Core Concepts
A novel numerical algorithm is proposed for computing α-dissipative solutions of the Hunter-Saxton equation, where α belongs to W^{1,∞}(R, [0,1)). The method combines a projection operator with a generalized method of characteristics and an iteration scheme to handle the unknown energy loss at wave breaking occurrences.
Abstract
The content presents a new numerical algorithm for computing α-dissipative solutions of the Hunter-Saxton (HS) equation. The HS equation is known to develop singularities in finite time, leading to a loss of uniqueness for weak solutions. To properly describe the solution and its energy, a finite, nonnegative Radon measure is introduced.
The proposed algorithm extends a previous method from the authors, which was limited to constant α. The key challenges addressed here are:
The amount of energy to be removed at wave breaking occurrences cannot be computed a priori, as it depends on the spatial location of the wave breaking. An iteration scheme is introduced to approximate this energy loss.
The possibility of accumulating wave breaking times is handled by extracting a finite sequence of breaking times that acts as a non-uniform temporal discretization.

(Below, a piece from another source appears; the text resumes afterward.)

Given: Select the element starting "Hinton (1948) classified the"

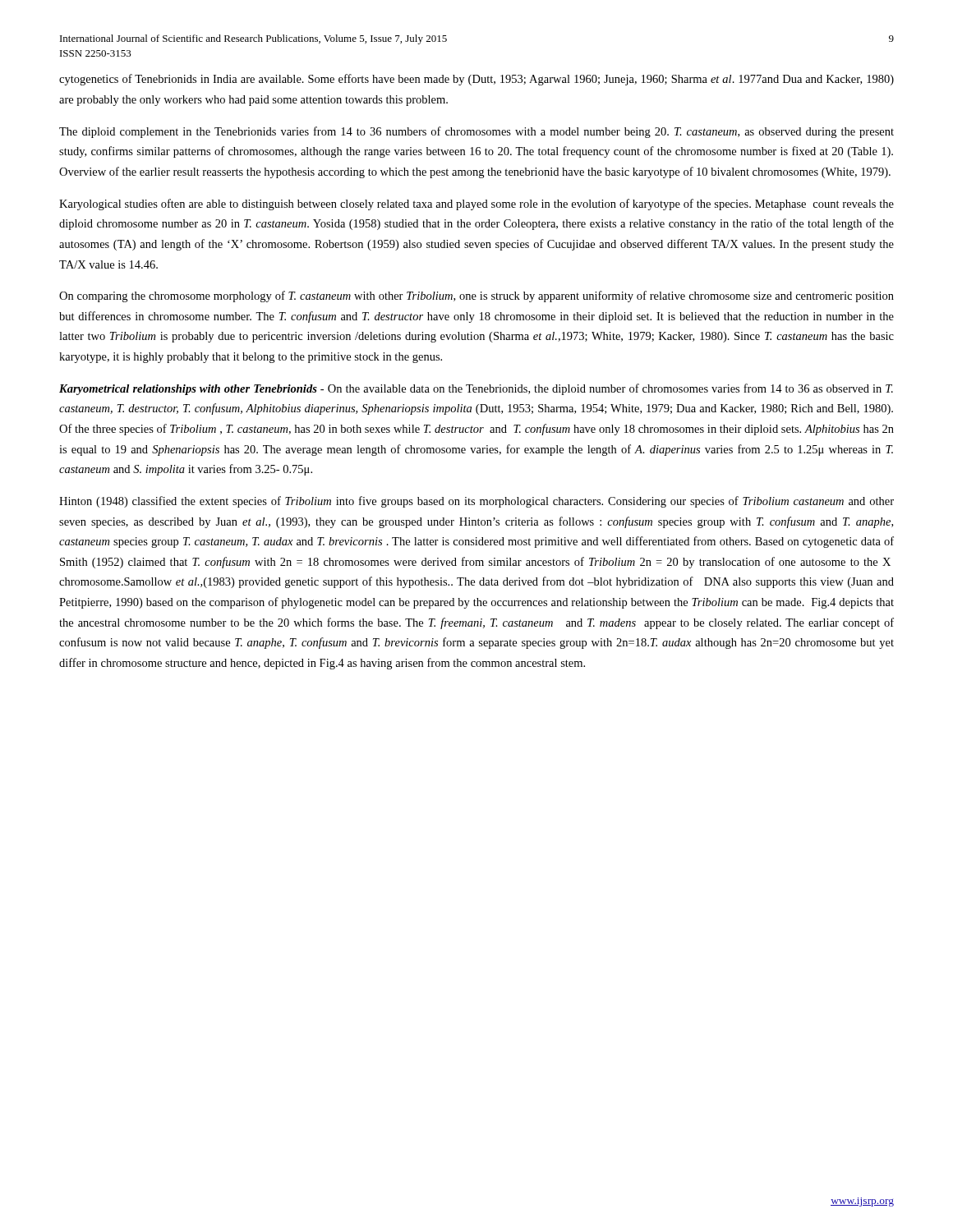Looking at the screenshot, I should coord(476,582).

This reduces the computational complexity compared to repeatedly computing the particle trajectories at nearly identical wave breaking times.
The numerical implementation details are provided, including the projection operator, the computation of the wave breaking function, and the time evolution via the iteration scheme. Convergence of the numerical solution in C([0,T], L^∞(R)) for any finite T ≥ 0 is also established.